Task 4.5 - Understand data privacy and governance
- Identify and protect personally identifiable information (PII) and other sensitive data types throughout ingestion, storage, processing, and consumption.
- Explain data sovereignty and how regional restrictions affect storage, processing, backups, and replication strategies.
- Grant permissions for data sharing (for example, Amazon Redshift data sharing) while controlling scope, consumers, and auditability.
- Implement PII identification using Amazon Macie and integrate findings with Lake Formation governance controls.
- Implement data privacy strategies that prevent backups or replications of data to disallowed AWS Regions.
- Manage configuration changes using AWS Config to detect, track, and remediate governance drift in data platforms.
- Apply governance frameworks using Lake Formation, tags, and catalog metadata to manage dataset ownership and access.
- Implement data classification and labeling strategies to drive access controls, retention policies, and monitoring priorities.
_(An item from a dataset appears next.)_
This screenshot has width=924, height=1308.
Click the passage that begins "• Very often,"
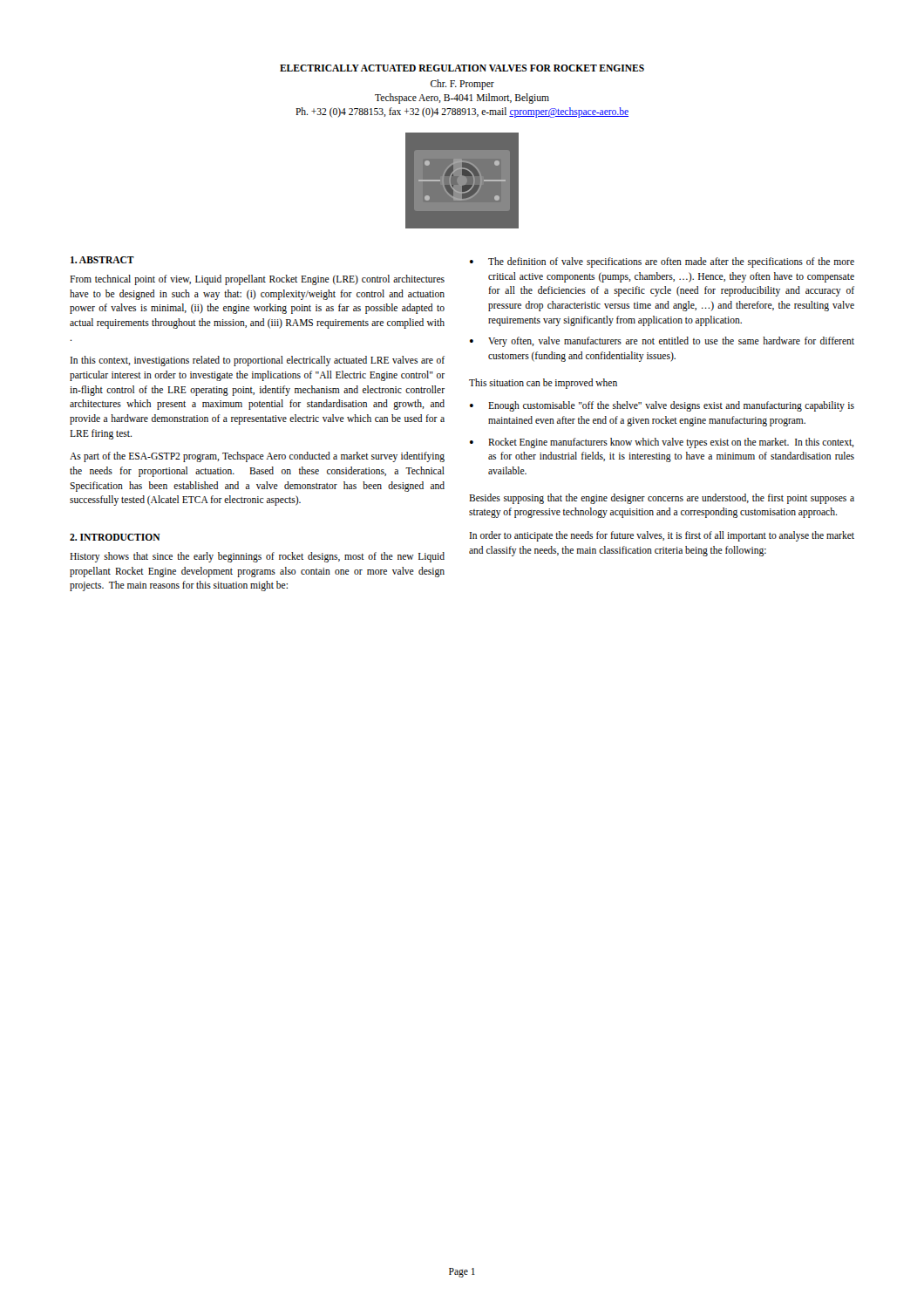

- Define purpose limitation and consent-aware data usage policies (where applicable) and document intended uses for datasets.
- Maintain auditability of governance decisions by logging policy changes, approvals, and access reviews.
- Apply multi-account governance patterns at a high level (for example, Organizations guardrails and separation of duties) for data platforms.
- Monitor and remediate governance drift (permissions creep and misconfigurations) using automated checks and operational processes.
Tip: After each task, write 5–10 “one-liner rules” from your misses (service selection + trade-offs).